Family Day and Victoria Day Weekends
iii. In addition, and regardless of whether the weekend would otherwise fall on the respondent’s parenting time, the respondent will have the February long weekend of Family Day and the May long weekend of Victoria Day. All other long weekends will be distributed according to the regular alternate weekend schedule except Thanksgiving and Easter weekends as provided below:
March Break
iv. The weekend before and after March break will be divided according to the regular alternate weekend schedule. The five weekday days of the March break will be divided 3 consecutive days to the respondent and two consecutive days to the applicant, with the respondent’s 3 days to be consecutive with his weekend.
Easter Weekend
v. The parties will share the Easter Weekend such that one parent will have K. from Thursday after school until Saturday at 6:00 p.m. and the other parent will have K. from Saturday at 6:00 p.m. to return to school Tuesday morning.
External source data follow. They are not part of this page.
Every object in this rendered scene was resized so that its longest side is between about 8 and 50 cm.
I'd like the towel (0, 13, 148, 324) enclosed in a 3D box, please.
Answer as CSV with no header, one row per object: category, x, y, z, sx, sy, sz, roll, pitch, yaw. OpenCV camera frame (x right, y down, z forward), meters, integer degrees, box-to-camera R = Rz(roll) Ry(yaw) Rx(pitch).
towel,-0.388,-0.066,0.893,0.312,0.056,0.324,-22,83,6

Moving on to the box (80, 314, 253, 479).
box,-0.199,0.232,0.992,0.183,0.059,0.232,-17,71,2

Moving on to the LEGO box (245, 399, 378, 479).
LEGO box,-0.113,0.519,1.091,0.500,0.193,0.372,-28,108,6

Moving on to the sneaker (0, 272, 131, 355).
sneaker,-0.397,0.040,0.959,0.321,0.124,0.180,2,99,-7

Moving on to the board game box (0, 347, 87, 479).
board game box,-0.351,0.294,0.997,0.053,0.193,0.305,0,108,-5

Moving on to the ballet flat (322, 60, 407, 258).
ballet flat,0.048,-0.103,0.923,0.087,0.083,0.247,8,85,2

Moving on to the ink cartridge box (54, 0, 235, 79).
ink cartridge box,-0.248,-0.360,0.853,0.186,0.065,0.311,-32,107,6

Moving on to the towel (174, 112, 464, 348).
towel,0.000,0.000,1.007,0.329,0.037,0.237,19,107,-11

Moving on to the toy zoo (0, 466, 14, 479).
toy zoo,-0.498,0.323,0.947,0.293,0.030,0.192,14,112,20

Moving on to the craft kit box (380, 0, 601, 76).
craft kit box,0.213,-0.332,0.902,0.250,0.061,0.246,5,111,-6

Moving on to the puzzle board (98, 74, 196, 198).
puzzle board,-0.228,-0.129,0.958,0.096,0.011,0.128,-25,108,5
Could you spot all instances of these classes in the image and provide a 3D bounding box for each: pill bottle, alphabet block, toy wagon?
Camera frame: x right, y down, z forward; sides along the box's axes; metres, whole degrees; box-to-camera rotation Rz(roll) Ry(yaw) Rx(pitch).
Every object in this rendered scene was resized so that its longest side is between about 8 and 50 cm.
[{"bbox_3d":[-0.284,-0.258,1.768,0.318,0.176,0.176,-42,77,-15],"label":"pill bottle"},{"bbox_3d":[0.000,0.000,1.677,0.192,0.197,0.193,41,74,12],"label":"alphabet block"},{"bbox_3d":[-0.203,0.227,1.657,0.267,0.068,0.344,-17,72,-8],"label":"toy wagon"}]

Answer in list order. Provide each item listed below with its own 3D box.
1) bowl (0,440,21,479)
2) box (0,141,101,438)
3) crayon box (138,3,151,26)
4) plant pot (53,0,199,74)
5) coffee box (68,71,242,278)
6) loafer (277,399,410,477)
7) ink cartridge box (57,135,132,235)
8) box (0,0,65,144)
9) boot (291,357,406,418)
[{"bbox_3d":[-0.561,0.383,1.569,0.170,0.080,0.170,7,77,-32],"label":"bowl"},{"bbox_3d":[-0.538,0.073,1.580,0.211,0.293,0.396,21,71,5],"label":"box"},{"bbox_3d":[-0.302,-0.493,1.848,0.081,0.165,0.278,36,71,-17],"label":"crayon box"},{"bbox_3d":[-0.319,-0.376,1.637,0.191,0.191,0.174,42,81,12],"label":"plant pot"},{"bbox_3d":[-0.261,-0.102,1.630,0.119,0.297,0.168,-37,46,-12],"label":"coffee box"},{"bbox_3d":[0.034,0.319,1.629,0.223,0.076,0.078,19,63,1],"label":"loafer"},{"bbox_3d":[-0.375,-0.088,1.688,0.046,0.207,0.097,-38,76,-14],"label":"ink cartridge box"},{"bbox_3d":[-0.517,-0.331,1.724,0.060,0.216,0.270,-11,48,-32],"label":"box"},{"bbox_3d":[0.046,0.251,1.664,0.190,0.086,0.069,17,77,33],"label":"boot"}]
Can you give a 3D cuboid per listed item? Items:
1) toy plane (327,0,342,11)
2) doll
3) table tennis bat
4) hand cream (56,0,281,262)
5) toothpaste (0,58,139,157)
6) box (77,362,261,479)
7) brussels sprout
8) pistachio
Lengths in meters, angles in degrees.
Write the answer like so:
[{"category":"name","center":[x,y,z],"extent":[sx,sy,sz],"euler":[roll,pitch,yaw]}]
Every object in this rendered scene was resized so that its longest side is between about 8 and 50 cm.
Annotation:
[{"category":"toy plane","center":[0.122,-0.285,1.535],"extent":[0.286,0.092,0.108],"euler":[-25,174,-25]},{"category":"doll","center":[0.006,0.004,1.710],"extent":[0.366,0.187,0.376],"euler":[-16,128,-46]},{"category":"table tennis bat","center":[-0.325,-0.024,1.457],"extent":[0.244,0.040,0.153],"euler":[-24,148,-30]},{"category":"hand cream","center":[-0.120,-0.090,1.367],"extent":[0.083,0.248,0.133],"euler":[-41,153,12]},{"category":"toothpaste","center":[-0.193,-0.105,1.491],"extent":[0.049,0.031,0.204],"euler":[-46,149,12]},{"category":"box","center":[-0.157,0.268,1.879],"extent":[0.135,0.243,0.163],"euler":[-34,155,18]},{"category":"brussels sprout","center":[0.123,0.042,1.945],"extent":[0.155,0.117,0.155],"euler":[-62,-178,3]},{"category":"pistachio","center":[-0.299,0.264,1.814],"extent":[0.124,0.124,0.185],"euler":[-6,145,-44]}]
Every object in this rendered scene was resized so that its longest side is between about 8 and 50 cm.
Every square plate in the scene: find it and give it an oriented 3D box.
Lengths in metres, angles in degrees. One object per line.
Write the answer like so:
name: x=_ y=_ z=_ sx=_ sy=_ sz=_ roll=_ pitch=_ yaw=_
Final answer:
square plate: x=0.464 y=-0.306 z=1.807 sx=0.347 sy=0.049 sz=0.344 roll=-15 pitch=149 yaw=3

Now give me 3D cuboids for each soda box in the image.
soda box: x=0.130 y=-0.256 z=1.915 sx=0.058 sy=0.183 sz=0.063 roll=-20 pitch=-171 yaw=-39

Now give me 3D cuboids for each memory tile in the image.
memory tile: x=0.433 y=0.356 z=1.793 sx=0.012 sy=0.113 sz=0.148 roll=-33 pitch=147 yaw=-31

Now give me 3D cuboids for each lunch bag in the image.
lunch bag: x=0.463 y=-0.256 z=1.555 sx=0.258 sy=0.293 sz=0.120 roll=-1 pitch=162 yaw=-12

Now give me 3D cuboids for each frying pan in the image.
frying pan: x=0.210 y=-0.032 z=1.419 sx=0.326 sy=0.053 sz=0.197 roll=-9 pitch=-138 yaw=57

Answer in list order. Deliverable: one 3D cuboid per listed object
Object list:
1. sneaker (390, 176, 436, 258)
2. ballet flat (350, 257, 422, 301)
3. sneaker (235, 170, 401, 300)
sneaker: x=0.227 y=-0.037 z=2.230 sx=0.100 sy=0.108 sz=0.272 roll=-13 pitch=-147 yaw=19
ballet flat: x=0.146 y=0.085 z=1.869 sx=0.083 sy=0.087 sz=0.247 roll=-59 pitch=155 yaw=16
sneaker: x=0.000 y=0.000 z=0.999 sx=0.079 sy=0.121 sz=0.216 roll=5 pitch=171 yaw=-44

The respondent will have first choice in respect of which part of the weekend he would like.
Thanksgiving Weekend
vi. The parties will share Thanksgiving Weekend such that one parent will have K. from Friday afterschool until Sunday at 9:00 a.m. and the other parent will have K. from Sunday at 9:00 a.m. to return to school Tuesday morning. The respondent will have first choice in respect of which part of the weekend he would like.
Father’s Day
vii. If K. is not otherwise with the Respondent on Father’s Day, K. will spend Father’s day with the respondent from 9:00 a.m. until Monday morning drop-off at school.
Mother’s Day
viii. If K. is not otherwise with the applicant on Mother’s Day, K. will spend Mother’s day with the applicant from 9:00 a.m.
Summer Holiday
ix. a). Subject to (b), the parties will equally share K.’s summer holiday, such that K. will reside with each parent pursuant to a week-on week-off schedule. b.) The respondent father may also choose one additional week so that he has two consecutive weeks with K. during the summer.
Christmas Break
x. The parties will equally share K.’s Christmas Break. K. shall reside with the applicant for the first half of her Christmas Break in odd numbered years and for the last half in even numbered years, and with the Respondent for the first half of her Christmas Break in even numbered years and the last half of Christmas Break in odd numbered years. The first half of Christmas Break shall begin after school on K.’s last day of school in December and end at noon on the date that is the half-way point of Christmas Break. The second half shall begin at noon on the date that is the half-way point of the Christmas Break and ends on the morning K. returns to school in January. Notwithstanding the above schedule:
a. In even numbered years, K. will reside with the applicant from December 23rd at 12:00 p.m. until December 25th at 12:00 p.m., and K. will reside with the Respondent from December 25th at 12:00 p.m. until December 27th at 12:00 p.m.;
b. In odd numbered years, K. shall reside with the Respondent from December 23rd at 12:00 p.m. until December 25th at 12:00 p.m., and K. will reside with the applicant from December 25th at 12:00 p.m. until December 27th at 12:00 p.m.;
c. In even numbered years, K. will reside with the Respondent from December 31st at 12:00 p.m. to January 1st at 6:00 p.m.;
d. In odd numbered years, K. will reside with the applicant from December 31st at 12:00 p.m. to January 1st at 6:00 p.m.
Halloween
xi. The parties will alternate Halloween, with the applicant having Halloween with K. in odd numbered years and the respondent having Halloween with K. in even numbered years. Halloween shall take place from pick up after school or 3:30 p.m. if no school until 8:00 p.m. drop off at the resident parent’s home.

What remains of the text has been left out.